Pleading the Fifth? MN Dept. of Ed. refuses to answer questions at Feeding Our Future hearing
It was a bizarre scene yesterday in the state House of Representatives’ Education Policy committee. The Commissioner of the state Dept. of Education (MDE), Willie Jett, time and again deferred questions to his Dept.’s attorney.

The occasion was the first-ever hearing held on the Feeding Our Future scandal in the state House. This hearing was only possible because House Republicans hold a (slim) majority in the chamber for the first time since the scandal broke more than three years ago. When Democrats were in the majority, no hearings were held.

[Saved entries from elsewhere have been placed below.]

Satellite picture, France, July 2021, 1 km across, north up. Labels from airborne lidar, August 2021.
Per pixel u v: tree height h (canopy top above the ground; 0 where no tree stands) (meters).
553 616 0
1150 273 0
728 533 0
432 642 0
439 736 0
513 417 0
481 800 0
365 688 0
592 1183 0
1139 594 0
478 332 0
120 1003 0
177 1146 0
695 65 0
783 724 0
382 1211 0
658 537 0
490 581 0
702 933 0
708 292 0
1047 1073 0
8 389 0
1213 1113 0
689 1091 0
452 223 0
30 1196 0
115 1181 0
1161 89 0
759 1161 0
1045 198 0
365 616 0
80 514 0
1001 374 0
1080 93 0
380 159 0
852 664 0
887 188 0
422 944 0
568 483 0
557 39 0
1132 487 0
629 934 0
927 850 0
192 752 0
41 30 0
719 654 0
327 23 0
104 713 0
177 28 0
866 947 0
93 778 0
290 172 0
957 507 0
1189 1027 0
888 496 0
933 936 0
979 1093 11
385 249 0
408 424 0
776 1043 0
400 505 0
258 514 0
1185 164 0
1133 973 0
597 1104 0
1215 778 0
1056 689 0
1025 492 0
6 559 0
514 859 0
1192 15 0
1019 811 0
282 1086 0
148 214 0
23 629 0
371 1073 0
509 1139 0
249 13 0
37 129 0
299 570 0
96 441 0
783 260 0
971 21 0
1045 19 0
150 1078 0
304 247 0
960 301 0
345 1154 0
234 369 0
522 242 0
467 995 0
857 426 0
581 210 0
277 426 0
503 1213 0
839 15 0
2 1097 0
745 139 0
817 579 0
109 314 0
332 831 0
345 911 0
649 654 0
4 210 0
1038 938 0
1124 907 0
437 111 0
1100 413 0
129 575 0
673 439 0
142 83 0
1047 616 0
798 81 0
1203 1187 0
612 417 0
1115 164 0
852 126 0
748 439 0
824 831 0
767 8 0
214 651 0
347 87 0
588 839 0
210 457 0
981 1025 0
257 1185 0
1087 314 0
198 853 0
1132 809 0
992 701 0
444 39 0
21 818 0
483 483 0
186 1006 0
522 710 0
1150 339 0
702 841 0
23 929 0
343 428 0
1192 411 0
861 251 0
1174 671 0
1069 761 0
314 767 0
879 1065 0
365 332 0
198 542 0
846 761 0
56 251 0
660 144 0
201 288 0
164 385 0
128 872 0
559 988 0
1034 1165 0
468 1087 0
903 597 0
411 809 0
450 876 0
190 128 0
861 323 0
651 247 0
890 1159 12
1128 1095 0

Gov. Tim Walz appointed Jett as Education Commissioner in December 2022, some three months after the first indictments were handed down in the case.

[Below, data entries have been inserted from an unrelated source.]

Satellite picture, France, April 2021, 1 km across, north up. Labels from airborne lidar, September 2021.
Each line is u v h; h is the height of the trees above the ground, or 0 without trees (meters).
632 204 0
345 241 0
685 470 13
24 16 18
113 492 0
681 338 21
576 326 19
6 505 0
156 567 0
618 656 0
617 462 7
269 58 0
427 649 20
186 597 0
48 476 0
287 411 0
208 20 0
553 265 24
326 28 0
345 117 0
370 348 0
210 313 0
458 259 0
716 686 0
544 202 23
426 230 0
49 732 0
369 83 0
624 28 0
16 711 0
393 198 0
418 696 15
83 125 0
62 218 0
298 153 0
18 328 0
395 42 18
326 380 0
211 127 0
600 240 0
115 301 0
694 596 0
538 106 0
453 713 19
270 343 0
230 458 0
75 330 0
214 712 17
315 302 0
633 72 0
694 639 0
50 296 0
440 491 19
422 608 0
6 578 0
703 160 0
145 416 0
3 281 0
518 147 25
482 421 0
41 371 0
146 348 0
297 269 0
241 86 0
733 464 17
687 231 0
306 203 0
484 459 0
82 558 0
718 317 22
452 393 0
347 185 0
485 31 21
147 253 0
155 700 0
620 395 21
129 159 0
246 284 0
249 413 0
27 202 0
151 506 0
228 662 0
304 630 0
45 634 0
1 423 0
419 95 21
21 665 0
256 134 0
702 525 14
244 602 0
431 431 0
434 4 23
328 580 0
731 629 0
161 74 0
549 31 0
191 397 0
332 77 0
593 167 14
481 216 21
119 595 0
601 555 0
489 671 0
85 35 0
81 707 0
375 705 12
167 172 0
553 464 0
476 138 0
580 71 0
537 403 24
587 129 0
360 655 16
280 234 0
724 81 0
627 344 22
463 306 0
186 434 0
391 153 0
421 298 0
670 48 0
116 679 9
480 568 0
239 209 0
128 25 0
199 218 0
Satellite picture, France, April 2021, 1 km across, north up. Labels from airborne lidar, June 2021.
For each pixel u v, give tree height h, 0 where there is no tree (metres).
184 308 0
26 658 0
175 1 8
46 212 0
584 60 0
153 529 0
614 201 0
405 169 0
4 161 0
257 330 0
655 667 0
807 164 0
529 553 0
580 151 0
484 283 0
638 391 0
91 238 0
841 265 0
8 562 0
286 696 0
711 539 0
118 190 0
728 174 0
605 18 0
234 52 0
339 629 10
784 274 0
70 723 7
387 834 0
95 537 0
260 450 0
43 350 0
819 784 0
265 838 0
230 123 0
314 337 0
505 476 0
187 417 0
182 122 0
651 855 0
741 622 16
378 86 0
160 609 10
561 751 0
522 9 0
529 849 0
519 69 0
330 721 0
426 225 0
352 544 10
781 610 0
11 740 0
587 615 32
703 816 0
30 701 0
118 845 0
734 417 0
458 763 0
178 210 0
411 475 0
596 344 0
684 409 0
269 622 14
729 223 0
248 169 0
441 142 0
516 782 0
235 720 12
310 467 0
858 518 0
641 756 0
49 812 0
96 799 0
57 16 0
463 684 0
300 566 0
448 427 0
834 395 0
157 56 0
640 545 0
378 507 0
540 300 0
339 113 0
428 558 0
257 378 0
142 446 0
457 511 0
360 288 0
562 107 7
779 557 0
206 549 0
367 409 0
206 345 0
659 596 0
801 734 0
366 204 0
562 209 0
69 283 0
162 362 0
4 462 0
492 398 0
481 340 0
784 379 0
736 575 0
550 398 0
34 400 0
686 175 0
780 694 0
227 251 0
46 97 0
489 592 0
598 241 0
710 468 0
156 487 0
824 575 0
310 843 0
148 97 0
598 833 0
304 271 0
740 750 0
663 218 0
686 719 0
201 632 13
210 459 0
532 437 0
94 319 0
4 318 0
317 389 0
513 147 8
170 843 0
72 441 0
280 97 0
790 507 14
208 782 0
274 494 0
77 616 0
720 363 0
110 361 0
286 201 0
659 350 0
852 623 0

In committee, the Office of the Legislative Auditor (OLA) presented their scathing, June 2024, 120-page report on MDE’s mishandling of the free-food nonprofit at the center of a $250 million fraud scandal to the committee.
House Republicans put together a 97-second montage of Jett’s dodging question after question. The video of the full 97-minute committee hearing, including the OLA’s presentation, can be seen here. Jett’s testimony begins at the 43:45 mark.
Initially, the Dept.’s lawyer cited the ongoing courtroom trial of Aimee Bock, Feeding Our Future’s CEO, as the excuse for not answering committee-member questions. As part of her criminal defense, Bock has sought to blame MDE for the scandal. The Department doesn’t wish to give Bock any new ammunition as she faces a jury of her peers.
For the Department, it’s a convenient dodge, as courtroom trials for the dozens of remaining Feeding Our Future defendants have been scheduled well into 2026. With additional Feeding Our Future indictments a real possibility, this catch-all excuse will likely extend for many years.
But MDE’s excuses went well beyond the ongoing Federal trials. MDE’s attorney, Maren Hulden, also cited “attorney-client privilege” on multiple occasions (see the video, 56:00 mark). This dodge raises the questions “who is the client?” and “who is the attorney?” Ultimately, state agencies must be answerable to the people, through their elected representatives.
Finally, MDE hid behind the excuse of “human resources (HR)/personnel privacy” concerns (1:31:50 mark). $250 million of taxpayer money went missing, 40 individuals have been convicted of fraud, and the state agency responsible won’t answer a single question about what happened.
In a different era, a department Commissioner refusing to answer questions in a committee hearing about his agency’s conduct would have been summarily fired by the Governor, or subject to impeachment proceedings.